Geoffrey regarda son conseiller médical avec une soudaine curiosité et beaucoup de méfiance.
– Dites-moi, demanda-t-il, comment arrivez-vous à connaître ce qui se passe dans mon esprit, sans que j’aie parlé ?
– Ma profession m’oblige à découvrir ce qui se passe dans les corps et, pour y arriver, il est quelquefois nécessaire que je découvre ce qui se passe dans les esprits. Si j’ai bien interprété ce qui s’agitait dans le vôtre, je n’ai plus besoin d’insister. Vous m’avez déjà répondu.
Il se tourna du côté de sir Patrick.
– Je vois un côté du sujet, dit-il, que vous n’avez pas encore abordé. Il y a, contre la rage actuelle pour les exercices de toutes sortes, une objection physique tout aussi forte, dans son genre, que les objections morales. Vous avez fait voir les conséquences qu’elle peut avoir sur l’esprit. Je puis établir ses conséquences funestes sur le corps.
– D’après votre propre expérience ?
– D’après ma propre expérience, je puis vous dire comme médecin que beaucoup d’entre les jeunes gens qui se soumettent à de violents exercices athlétiques pour prouver leur force et leur résistance à la fatigue, courent un risque sérieux de ruiner leur santé.
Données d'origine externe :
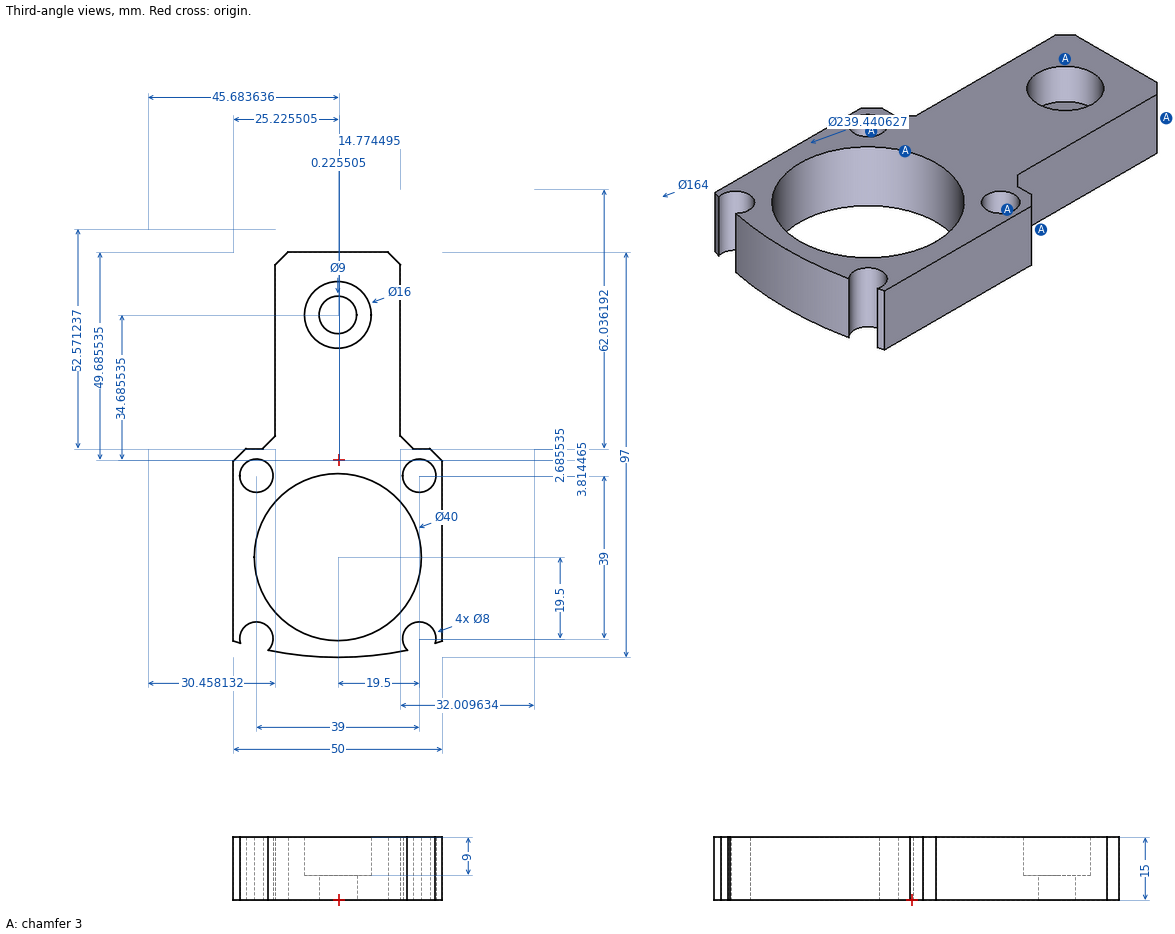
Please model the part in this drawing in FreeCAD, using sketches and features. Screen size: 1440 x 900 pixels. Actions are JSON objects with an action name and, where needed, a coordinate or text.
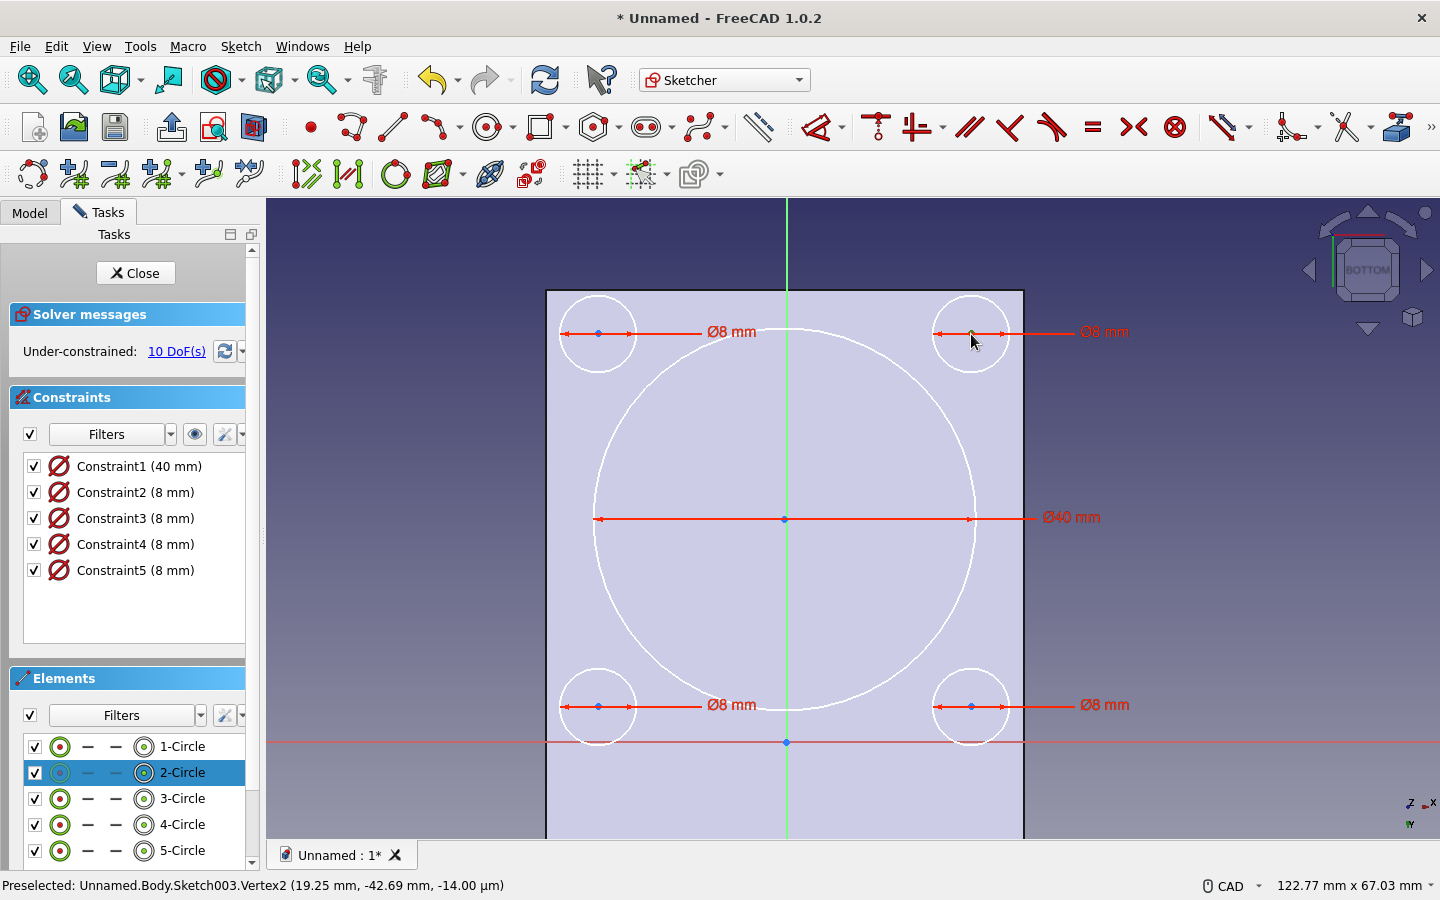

Le public qui suit les courses en canot, les courses à pied, ne voit que les résultats heureux de l’éducation musculaire. Les pères et les mères ne tardent pas à en voir les inconvénients chez eux. Bien des familles en Angleterre, sir Patrick, ont à maudire les exercices physiques, si populaires de nos jours, et leur doivent de jeunes hommes brisés et des invalides avant l’âge.
– Vous entendez cela ? dit sir Patrick à Geoffrey.
Celui-ci remua la tête d’un air insouciant ; son irritation avait eu le temps de passer, la stupide indifférence était de nouveau son maître. Il avait repris sa chaise et s’était assis les jambes allongées, considérant les rosaces du tapis.
« Qu’est-ce que cela me fait ? » se disait-il.
Et l’on voyait bien qu’en effet il ne s’en embarrassait guère. Le chirurgien continua :
– Je ne vois aucun remède à cet état de choses, dit-il, tant que le sentiment public restera le même. Un beau jeune homme, respirant la santé, pourvu d’un superbe développement musculaire, aspire, et c’est assez naturel, à se distinguer comme les autres. Les professeurs de gymnastique de son collège s’emparent de lui, c’est encore assez naturel. Ont-ils eu tort ou raison ? C’est ce qu’ils ne sauraient dire eux-mêmes, jusqu’à ce que l’épreuve ait été faite ; mais alors le mal parfois est irréparablement accompli. Combien en existe-t-il parmi eux, qui soient instruits de cette importante vérité physiologique, que la puissance musculaire d’un homme n’est pas une bonne garantie de sa puissance de vitalité ? Combien peu savent que nous avons, comme l’a dit un grand écrivain français, deux vies en nous : la vie à la surface, celle des muscles, et la vie intérieure, celle du cœur, des poumons et du cerveau ? Et même s’ils le savaient, s’ils étaient assistés d’un médecin, il est excessivement douteux, dans la plupart des cas, que d’une investigation préalable, il résulte une appréciation sûre de la puissance vitale dont un homme a besoin pour supporter de si rudes combats.